* Task statement
Transcribe the listing in full, word for word; pictures do not belong in the copy.

* Recorded data
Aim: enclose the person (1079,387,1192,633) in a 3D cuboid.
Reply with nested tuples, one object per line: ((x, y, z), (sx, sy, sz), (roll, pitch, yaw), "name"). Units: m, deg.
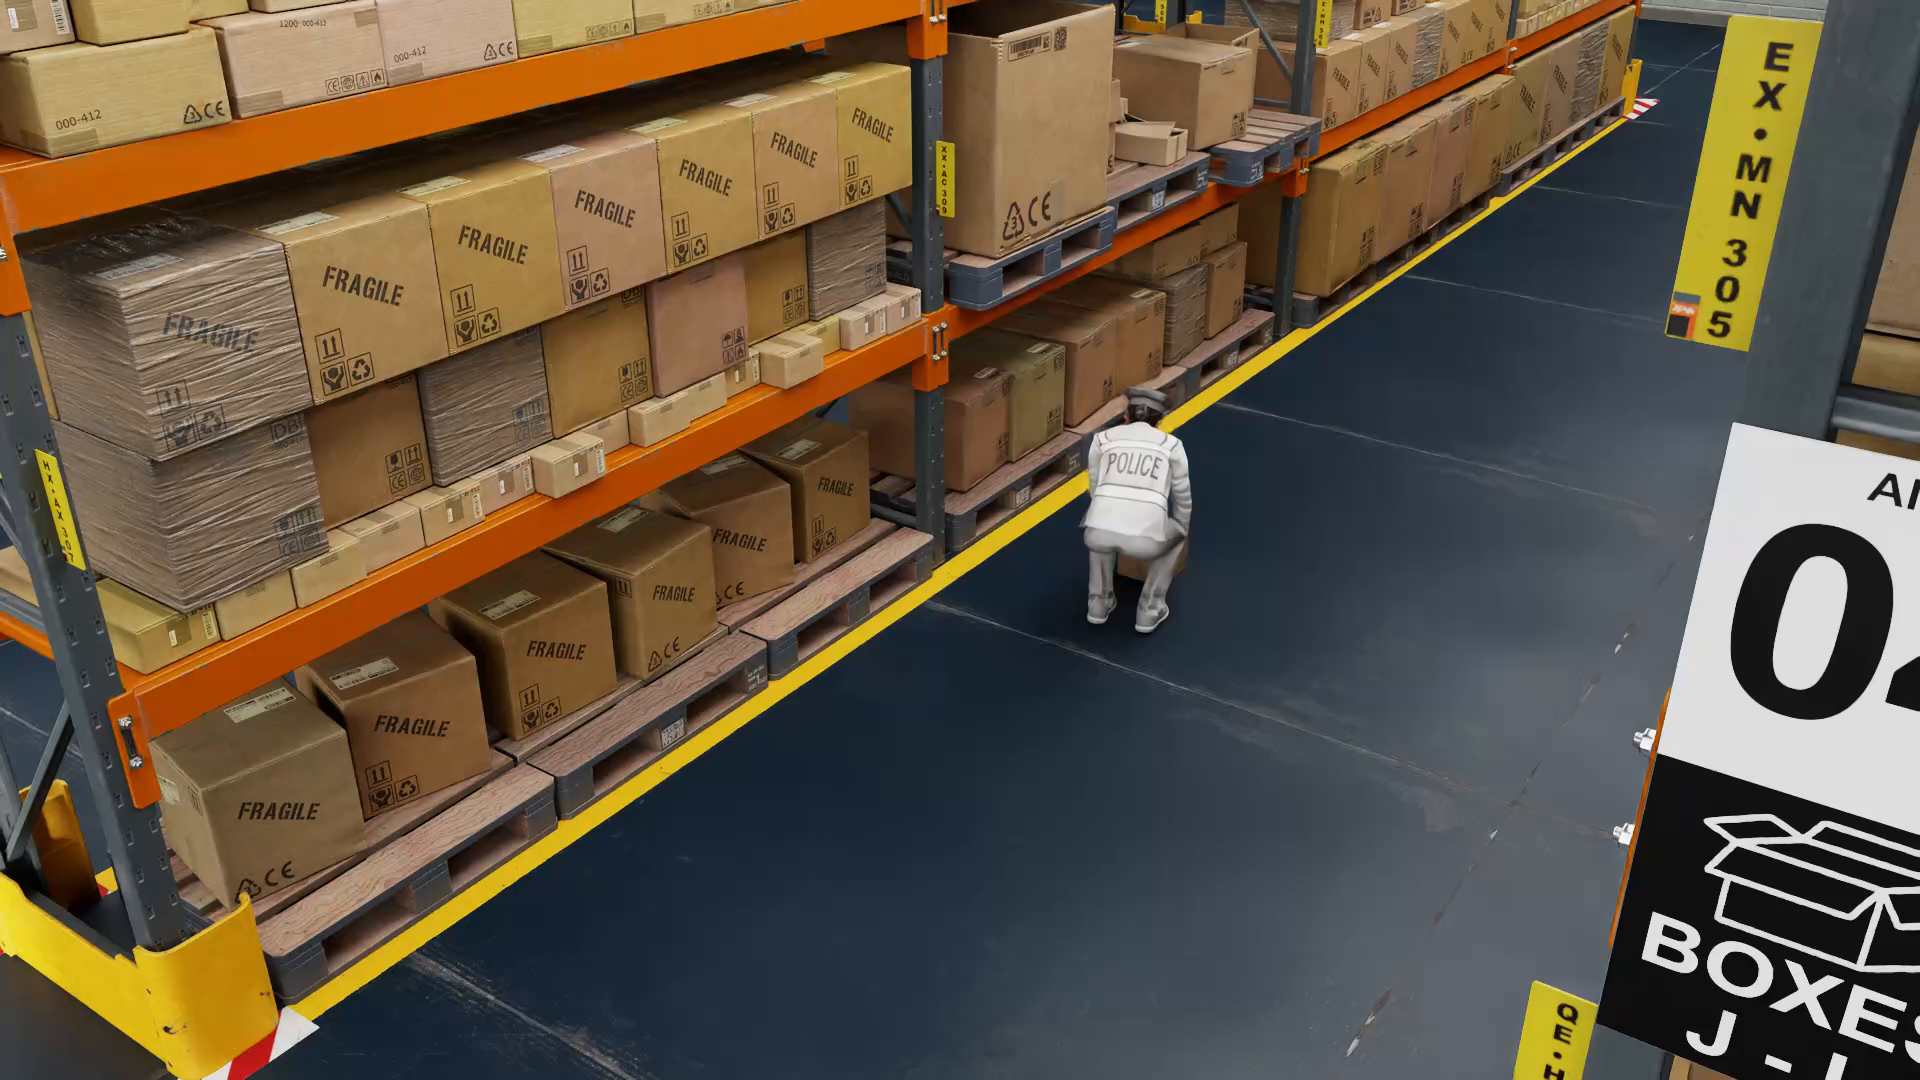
((0.796, -0.143, 7.625), (0.482, 1.005, 0.841), (10, 29, 18), "person")

* Output for this task
Aim: enclose the person (1079,387,1192,633) in a 3D cuboid.
Reply with nested tuples, one object per line: ((x, y, z), (sx, sy, sz), (roll, pitch, yaw), "name"). Units: m, deg.
((0.796, -0.143, 7.625), (0.482, 1.005, 0.841), (10, 29, 18), "person")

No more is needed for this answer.